5. Example verification
Assignment of rod length: l1=OA=70mm, l2=OB=20mm, l3=BC=75mm, l4=CA=20mm, l5=AD=54.38mm
Position: y=49.51,z=50.38
Angle: th1=90 °, th2=172.68 °
MATLAB calculation actual solution:
The code is as follows:
test.m
clear,clc %input data t1=[44.77,37.27,37.23,81.53,90]; t2=[22.44,3.98,87.62,34.08,140.81]+90; y=[57.74,35.4,128.44,19.7,66.2]; z=[-28.17,-32.8,14.43,-8.08,111]; th1=t1/180*pi;th2=t2/180*pi; for i=1:length(th1) %Positive solution test [yr(i),zr(i)]=forward(th1(i),th2(i)); %Inverse solution test [th1r(i),th2r(i)]=inverse(y(i),z(i)); end atan2(z,y) testh=[t1;th1r;t2;th2r] tesx=[y;yr;z;zr]
forward.m
function [x,y]=forward(th1,th2) %Scale assignment l1=70;l2=20;l3=75;l4=20;l5=77.88; A=l1*cos(th1)-l2*cos(th2); B=l1*sin(th1)-l2*sin(th2); C=-(A*A+B*B-l3*l3+l4*l4); D=C-2*A*l4; E=C+2*A*l4; t1=(-4*B*l4+sqrt(16*B*B*l4*l4-4*D*E))/2/D; %t2=(-4*B*l4-sqrt(16*B*B*l4*l4-4*D*E))/2/D; alp1=2*atan(t1); x=l1*cos(th1)+l5*cos(alp1); y=l1*sin(th1)+l5*sin(alp1); end
inverse.m
function [th1,th2,del]=inverse(y,z) %Scale assignment l1=70;l2=20;l3=75;l4=20;l5=77.88; th1=acos((l1*l1+y*y+z*z-l5*l5)/2/l1/sqrt(y*y+z*z))+atan2(z,y); M=2*l1*l2*sin(th1)-2*l2*l4*(z-l1*sin(th1))/l5; N=2*l1*l2*cos(th1)-2*l2*l4*(y-l1*cos(th1))/l5; K=l1*l1+l2*l2-l3*l3+l4*l4-2*l1*l4*(y-l1*cos(th1))/l5*cos(th1)-2*l1*l4*(z-l1*sin(th1))/l5*sin(th1); del=4*M*M-4*(K^2-N^2); u1=(2*M+sqrt(4*M*M-4*(K^2-N^2)))/2/(N+K); % u2=(2*M-sqrt(4*M*M-4*(K^2-N^2)))/2/(N+K); th2=2*atan(u1); th1=rad2deg(th1); th2=rad2deg(th2); end
6. It is realized in single chip microcomputer
stm32 series single chip microcomputer is used for the main control. 16 pwm steering gears can be driven to work at the same time through the communication between IIC and pca9685 chip. Before installing the steering gear, the flag bit should be set in the program. I use the installation position of big arm and small arm at 90 degrees. Power on before installation to reset the steering gear. When using the manipulator, in order to prevent the steering gear from getting stuck and burning out, it is necessary to limit the amplitude in the program.

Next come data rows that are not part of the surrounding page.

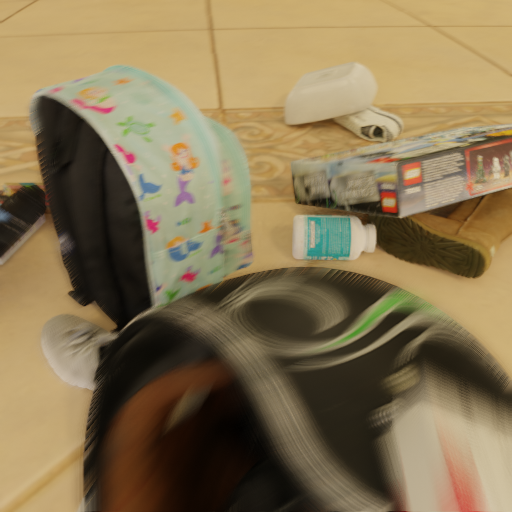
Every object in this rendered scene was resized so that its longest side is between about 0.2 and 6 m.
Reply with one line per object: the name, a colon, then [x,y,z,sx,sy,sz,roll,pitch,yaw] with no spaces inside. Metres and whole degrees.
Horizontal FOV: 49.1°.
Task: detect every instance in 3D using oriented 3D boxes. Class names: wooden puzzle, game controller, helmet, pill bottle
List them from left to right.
game controller: [-4.193,-0.054,8.231,1.380,0.557,2.646,8,53,44]
wooden puzzle: [-3.856,-1.158,10.465,2.331,0.164,1.382,-6,21,-36]
helmet: [0.596,1.667,4.491,3.165,3.320,3.320,7,25,-41]
pill bottle: [1.272,-0.300,9.261,1.333,0.738,0.738,1,36,3]

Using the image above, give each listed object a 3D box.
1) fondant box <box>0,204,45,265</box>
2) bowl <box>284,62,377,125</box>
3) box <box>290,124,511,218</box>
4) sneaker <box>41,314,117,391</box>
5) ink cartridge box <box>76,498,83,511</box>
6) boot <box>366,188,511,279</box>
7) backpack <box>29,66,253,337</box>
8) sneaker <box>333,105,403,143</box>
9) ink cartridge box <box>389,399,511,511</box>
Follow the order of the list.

void inverse(float y,float z){
float l1=70,l2=20,l3=75,l4=20,l5=77.94;
float th1,M ,N,K,u1,th2;
th1=acos((l1*l1+y*y+z*z-l5*l5)/2/l1/sqrt(y*y+z*z))+atan2(z,y);
M=2*l1*l2*sin(th1)-2*l2*l4*(z-l1*sin(th1))/l5;
N=2*l1*l2*cos(th1)-2*l2*l4*(y-l1*cos(th1))/l5;
K=l1*l1+l2*l2-l3*l3+l4*l4-2*l1*l4*(y-l1*cos(th1))/l5*cos(th1)-2*l1*l4*(z-l1*sin(th1))/l5*sin(th1);
//del=4*M*M-4*(K^2-N^2);
u1=(2*M+sqrt(4*M*M-4*(K*K-N*N)))/2/(N+K);
//u2=(2*M-sqrt(4*M*M-4*(K^2-N^2)))/2/(N+K);
th2=2*atan(u1);
th3=180/3.1415926*th1;
th4=180/3.1415926*th2;
if ( th3 <=180&&th3>=0){
PCA_MG9XX(8,th3,th3,0,2); }
if(th4<=180&&th4>=0){
PCA_MG9XX(9,180-th4,180-th4,0,2);}
}
1. Mobile phone remote control operation
2. Visual following
summary
The above is the main content of this article. In this paper, the kinematics algorithm is simply used to realize the movement of the manipulator. For remote control operation and visual follow, I only use the inverse solution method. If we want to realize attitude self stabilization, we need to use the gyroscope module. At this time, we need to use the combination of forward solution and inverse solution. If you want to achieve more accurate operation, you will use a lot of kinematic algorithms.